### Problem to work on
Which lines run from the line with "hfov=99.7deg." through the line with "0.275 -13 66 1" in the entries below? Print them exactly, both ends included, and nothing more.

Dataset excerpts
★ ★ ★ ★ ★

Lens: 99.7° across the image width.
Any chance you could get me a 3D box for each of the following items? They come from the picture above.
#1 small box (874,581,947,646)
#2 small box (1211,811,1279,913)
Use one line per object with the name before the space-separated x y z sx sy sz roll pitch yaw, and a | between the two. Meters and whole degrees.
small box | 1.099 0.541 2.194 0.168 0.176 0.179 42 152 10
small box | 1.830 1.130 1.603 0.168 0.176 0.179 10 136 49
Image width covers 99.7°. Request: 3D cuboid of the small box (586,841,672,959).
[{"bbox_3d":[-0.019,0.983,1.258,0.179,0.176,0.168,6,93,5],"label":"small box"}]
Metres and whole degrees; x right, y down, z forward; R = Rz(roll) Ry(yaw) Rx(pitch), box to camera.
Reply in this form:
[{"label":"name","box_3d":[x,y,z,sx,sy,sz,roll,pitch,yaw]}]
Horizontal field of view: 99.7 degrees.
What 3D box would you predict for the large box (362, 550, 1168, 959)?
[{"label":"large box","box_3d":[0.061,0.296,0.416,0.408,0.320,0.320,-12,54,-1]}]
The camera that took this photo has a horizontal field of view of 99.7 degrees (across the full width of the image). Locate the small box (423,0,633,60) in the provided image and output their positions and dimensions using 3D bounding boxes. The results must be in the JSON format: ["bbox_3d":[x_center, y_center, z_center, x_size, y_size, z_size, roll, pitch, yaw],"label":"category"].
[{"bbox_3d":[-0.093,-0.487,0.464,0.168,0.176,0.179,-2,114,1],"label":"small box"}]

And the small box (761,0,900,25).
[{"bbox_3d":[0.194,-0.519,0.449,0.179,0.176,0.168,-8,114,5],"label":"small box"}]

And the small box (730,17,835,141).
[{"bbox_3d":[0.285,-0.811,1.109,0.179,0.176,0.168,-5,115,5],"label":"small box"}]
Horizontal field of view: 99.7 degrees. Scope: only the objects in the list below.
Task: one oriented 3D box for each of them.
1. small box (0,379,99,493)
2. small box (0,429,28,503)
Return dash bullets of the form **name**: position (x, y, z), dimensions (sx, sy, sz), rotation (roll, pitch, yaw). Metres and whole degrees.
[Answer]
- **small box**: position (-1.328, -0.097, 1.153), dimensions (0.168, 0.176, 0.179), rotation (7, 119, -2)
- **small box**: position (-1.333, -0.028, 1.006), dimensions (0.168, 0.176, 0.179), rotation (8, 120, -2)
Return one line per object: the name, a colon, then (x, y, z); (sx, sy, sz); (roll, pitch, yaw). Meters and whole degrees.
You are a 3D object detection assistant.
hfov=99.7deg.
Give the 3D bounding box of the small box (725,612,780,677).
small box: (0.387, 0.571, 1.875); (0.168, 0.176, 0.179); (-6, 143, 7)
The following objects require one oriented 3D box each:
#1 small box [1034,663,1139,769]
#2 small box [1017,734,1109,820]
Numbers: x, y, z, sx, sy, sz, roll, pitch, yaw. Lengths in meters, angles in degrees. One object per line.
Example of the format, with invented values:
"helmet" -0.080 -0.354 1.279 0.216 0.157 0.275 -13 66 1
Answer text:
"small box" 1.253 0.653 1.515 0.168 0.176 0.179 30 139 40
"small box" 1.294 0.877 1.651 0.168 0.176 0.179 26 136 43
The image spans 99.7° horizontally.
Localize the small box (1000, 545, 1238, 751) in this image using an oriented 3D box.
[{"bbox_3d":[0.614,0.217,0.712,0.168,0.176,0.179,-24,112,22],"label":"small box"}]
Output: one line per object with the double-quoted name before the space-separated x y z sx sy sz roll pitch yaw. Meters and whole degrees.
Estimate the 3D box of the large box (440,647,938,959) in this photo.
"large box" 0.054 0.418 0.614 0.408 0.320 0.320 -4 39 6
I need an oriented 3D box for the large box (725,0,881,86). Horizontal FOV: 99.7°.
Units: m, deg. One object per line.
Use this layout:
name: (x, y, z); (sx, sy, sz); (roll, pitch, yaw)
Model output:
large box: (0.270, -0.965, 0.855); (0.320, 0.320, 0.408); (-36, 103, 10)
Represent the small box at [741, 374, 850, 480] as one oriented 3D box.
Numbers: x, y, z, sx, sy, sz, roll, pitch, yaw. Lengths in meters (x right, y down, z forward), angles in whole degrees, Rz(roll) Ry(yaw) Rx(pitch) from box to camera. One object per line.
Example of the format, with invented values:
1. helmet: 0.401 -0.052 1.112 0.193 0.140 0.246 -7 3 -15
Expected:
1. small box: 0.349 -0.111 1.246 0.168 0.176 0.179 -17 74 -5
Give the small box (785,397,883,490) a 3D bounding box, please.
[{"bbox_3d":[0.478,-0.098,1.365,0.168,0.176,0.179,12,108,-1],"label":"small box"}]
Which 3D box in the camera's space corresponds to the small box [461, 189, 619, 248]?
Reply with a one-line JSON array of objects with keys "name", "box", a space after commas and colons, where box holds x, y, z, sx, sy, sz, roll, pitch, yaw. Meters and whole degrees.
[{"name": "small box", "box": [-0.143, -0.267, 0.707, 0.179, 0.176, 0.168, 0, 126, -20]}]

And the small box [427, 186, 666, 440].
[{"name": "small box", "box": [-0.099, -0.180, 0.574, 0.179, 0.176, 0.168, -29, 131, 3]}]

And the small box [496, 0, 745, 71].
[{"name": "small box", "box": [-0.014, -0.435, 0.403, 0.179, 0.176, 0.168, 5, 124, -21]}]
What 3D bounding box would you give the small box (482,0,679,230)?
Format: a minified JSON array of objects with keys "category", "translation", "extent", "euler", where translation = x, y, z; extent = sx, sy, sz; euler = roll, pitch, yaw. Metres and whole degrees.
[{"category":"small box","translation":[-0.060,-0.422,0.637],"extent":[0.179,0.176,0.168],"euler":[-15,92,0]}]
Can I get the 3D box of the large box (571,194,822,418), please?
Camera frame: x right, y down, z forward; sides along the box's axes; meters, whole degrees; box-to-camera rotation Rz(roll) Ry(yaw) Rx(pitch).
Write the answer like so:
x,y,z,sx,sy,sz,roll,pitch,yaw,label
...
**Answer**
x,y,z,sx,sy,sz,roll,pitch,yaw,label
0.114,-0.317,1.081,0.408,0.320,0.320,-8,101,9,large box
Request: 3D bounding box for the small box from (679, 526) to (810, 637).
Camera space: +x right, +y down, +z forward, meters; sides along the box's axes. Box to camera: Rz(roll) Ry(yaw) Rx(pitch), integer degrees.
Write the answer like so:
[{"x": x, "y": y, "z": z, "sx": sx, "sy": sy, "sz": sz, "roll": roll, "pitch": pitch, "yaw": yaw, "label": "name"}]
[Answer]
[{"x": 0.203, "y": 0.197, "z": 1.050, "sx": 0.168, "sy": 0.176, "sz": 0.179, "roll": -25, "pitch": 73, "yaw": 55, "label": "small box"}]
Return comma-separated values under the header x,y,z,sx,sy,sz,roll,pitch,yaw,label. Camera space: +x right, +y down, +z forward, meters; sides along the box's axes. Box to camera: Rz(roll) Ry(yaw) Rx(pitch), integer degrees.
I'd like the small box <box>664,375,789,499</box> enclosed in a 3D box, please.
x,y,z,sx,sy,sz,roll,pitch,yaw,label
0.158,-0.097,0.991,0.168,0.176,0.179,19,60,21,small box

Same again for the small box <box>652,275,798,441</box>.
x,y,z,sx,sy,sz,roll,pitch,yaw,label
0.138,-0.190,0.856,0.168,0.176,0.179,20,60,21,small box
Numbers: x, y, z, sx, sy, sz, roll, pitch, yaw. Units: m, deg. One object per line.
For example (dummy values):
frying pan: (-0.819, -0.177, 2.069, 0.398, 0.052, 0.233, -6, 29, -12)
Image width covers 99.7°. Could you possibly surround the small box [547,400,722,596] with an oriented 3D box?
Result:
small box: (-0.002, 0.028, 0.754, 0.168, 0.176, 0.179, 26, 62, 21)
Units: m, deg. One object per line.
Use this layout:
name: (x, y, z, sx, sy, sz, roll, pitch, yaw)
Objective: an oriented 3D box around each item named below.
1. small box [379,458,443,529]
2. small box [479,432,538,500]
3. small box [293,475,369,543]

★ ★ ★ ★ ★

### Response area
hfov=99.7deg.
Give the 3D bounding box of the small box (725,612,780,677).
small box: (0.387, 0.571, 1.875); (0.168, 0.176, 0.179); (-6, 143, 7)
The following objects require one oriented 3D box each:
#1 small box [1034,663,1139,769]
#2 small box [1017,734,1109,820]
Numbers: x, y, z, sx, sy, sz, roll, pitch, yaw. Lengths in meters, angles in degrees. One object per line.
Example of the format, with invented values:
"helmet" -0.080 -0.354 1.279 0.216 0.157 0.275 -13 66 1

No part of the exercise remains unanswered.